Laporan pengelolaan zakat tingkat provinsi dari BAZNAS Provinsi ini memuat: (1) laporan kegiatan BAZNAS Provinsi baik dari sisi pelaksanaan operasional pengumpulan, pendistribusian, dan pendayagunaan zakat di wilayah provinsi masing-masing beserta pelaksanaan pengendalian/regulator BAZNAS di tingkat provinsi.  

(2) laporan kegiatan seluruh BAZNAS tingkat kabupaten/kota di wilayah provinsi tersebut dari sisi pelaksanaan operasional pengumpulan, pendistribusian, dan pendayagunaan zakat di wilayah kabupaten/kota masing-masing serta pelaksanaan pengendalian (fungsi regulator) BAZNAS di tingkat kabupaten/kota; dan (3) laporan kegiatan seluruh LAZ berskala provinsi dalam pelaksanaan operasional pengumpulan, pendistribusian, dan pendayagunaan.

Untuk LAZ (Lembaga Amil Zakat) yang dikelola oleh organisasi masyarakat secara mandiri/swasta, maka proses laporannya LAZ berskala nasional wajib menyampaikan laporan pengelolaan zakatnya langsung secara tertulis kepada BAZNAS pusat setiap 6 (enam) bulan dan akhir tahun.

Selanjutnya LAZ berskala provinsi atau kabupaten/kota wajib menyampaikan laporan pengelolaan zakat secara tertulis kepada BAZNAS daerah dan pemerintah daerah sesuai dengan skala LAZ pada setiap 6 (enam) bulan dan akhir tahun.

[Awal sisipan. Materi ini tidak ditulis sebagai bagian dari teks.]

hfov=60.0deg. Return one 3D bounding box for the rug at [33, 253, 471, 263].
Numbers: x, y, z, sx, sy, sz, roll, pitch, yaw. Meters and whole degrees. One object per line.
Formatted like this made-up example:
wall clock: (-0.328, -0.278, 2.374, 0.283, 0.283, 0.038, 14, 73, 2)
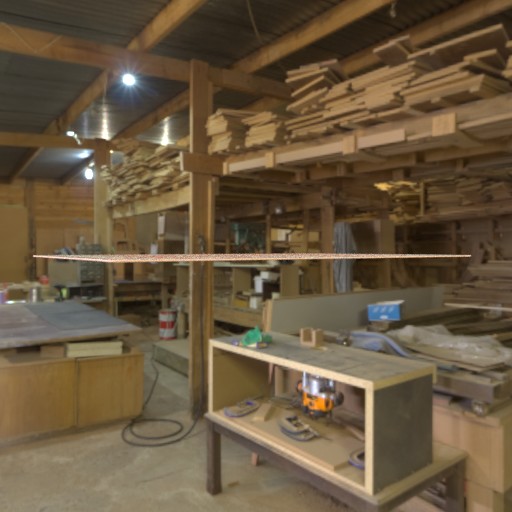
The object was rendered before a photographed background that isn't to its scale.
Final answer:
rug: (0.000, 0.000, 2.215, 1.829, 0.009, 1.219, -1, 1, -36)

Sementara itu, untuk perwakilan LAZ skala nasional yang berada di daerah wajib menyampaikan laporan pengelolaan zakatnya secara tertulis kepada LAZ (induk) dengan menyampaikan tembusan kepada pemerintah daerah, kepala kantor wilayah kementerian agama provinsi, dan kepala kantor kementerian agama kabupaten/kota.

Setelah semuanya terkumpul, dari seluruh laporan BAZNAS provinsi/ kab/ kota dan LAZ se-Indonesia, selanjutnya BAZNAS pusat melaporkan pelaksanaan pengelolaan zakat secara nasional kepada Menteri Agama setiap 6 (enam) bulan dan akhir tahun.

Bersamaan dengan itu juga, BAZNAS pusat melaporkan pengelolaan zakat nasional secara tertulis kepada Presiden melalui Menteri Agama dan kepada Dewan Perwakilan Rakyat Republik Indonesia paling sedikit 1 (satu) kali dalam 1 (satu) tahun.